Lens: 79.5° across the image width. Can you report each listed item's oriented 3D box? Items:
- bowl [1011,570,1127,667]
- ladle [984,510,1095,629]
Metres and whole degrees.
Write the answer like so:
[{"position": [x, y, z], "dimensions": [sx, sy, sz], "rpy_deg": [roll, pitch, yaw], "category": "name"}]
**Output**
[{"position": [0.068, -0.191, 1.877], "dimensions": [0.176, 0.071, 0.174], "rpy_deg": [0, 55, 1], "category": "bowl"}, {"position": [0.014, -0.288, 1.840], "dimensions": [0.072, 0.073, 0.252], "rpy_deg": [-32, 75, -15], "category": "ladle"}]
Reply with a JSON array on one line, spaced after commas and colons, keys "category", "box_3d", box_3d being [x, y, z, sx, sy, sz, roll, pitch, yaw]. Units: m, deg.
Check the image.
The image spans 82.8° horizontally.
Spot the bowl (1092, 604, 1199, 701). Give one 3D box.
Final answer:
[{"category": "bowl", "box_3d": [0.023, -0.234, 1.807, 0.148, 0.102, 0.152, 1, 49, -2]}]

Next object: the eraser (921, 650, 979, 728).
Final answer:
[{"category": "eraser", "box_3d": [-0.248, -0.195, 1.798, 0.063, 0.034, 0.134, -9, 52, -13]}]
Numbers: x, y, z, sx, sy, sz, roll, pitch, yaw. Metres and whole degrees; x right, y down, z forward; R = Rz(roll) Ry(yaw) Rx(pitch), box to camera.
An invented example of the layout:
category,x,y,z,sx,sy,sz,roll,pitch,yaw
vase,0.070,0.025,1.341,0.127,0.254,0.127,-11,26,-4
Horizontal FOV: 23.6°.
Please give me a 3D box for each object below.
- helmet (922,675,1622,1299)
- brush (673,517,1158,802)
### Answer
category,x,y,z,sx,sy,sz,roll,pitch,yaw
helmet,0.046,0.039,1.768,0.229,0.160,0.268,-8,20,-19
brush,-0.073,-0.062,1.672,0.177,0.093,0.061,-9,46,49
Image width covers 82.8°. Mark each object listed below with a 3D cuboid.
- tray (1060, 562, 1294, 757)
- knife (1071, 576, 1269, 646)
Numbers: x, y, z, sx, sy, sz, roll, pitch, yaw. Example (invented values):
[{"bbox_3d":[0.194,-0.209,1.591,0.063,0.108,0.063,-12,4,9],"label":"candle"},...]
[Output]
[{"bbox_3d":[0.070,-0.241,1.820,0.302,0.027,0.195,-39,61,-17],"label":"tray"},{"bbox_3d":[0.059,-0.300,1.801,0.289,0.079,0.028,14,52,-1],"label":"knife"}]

——————————

For every entry in the records above, write an exact copy.

**Task result:**
Lens: 79.5° across the image width. Can you report each listed item's oriented 3D box? Items:
- bowl [1011,570,1127,667]
- ladle [984,510,1095,629]
Metres and whole degrees.
Write the answer like so:
[{"position": [x, y, z], "dimensions": [sx, sy, sz], "rpy_deg": [roll, pitch, yaw], "category": "name"}]
**Output**
[{"position": [0.068, -0.191, 1.877], "dimensions": [0.176, 0.071, 0.174], "rpy_deg": [0, 55, 1], "category": "bowl"}, {"position": [0.014, -0.288, 1.840], "dimensions": [0.072, 0.073, 0.252], "rpy_deg": [-32, 75, -15], "category": "ladle"}]
Reply with a JSON array on one line, spaced after commas and colons, keys "category", "box_3d", box_3d being [x, y, z, sx, sy, sz, roll, pitch, yaw]. Units: m, deg.
Check the image.
The image spans 82.8° horizontally.
Spot the bowl (1092, 604, 1199, 701). Give one 3D box.
Final answer:
[{"category": "bowl", "box_3d": [0.023, -0.234, 1.807, 0.148, 0.102, 0.152, 1, 49, -2]}]

Next object: the eraser (921, 650, 979, 728).
Final answer:
[{"category": "eraser", "box_3d": [-0.248, -0.195, 1.798, 0.063, 0.034, 0.134, -9, 52, -13]}]
Numbers: x, y, z, sx, sy, sz, roll, pitch, yaw. Metres and whole degrees; x right, y down, z forward; R = Rz(roll) Ry(yaw) Rx(pitch), box to camera.
An invented example of the layout:
category,x,y,z,sx,sy,sz,roll,pitch,yaw
vase,0.070,0.025,1.341,0.127,0.254,0.127,-11,26,-4
Horizontal FOV: 23.6°.
Please give me a 3D box for each object below.
- helmet (922,675,1622,1299)
- brush (673,517,1158,802)
### Answer
category,x,y,z,sx,sy,sz,roll,pitch,yaw
helmet,0.046,0.039,1.768,0.229,0.160,0.268,-8,20,-19
brush,-0.073,-0.062,1.672,0.177,0.093,0.061,-9,46,49
Image width covers 82.8°. Mark each object listed below with a 3D cuboid.
- tray (1060, 562, 1294, 757)
- knife (1071, 576, 1269, 646)
Numbers: x, y, z, sx, sy, sz, roll, pitch, yaw. Example (invented values):
[{"bbox_3d":[0.194,-0.209,1.591,0.063,0.108,0.063,-12,4,9],"label":"candle"},...]
[Output]
[{"bbox_3d":[0.070,-0.241,1.820,0.302,0.027,0.195,-39,61,-17],"label":"tray"},{"bbox_3d":[0.059,-0.300,1.801,0.289,0.079,0.028,14,52,-1],"label":"knife"}]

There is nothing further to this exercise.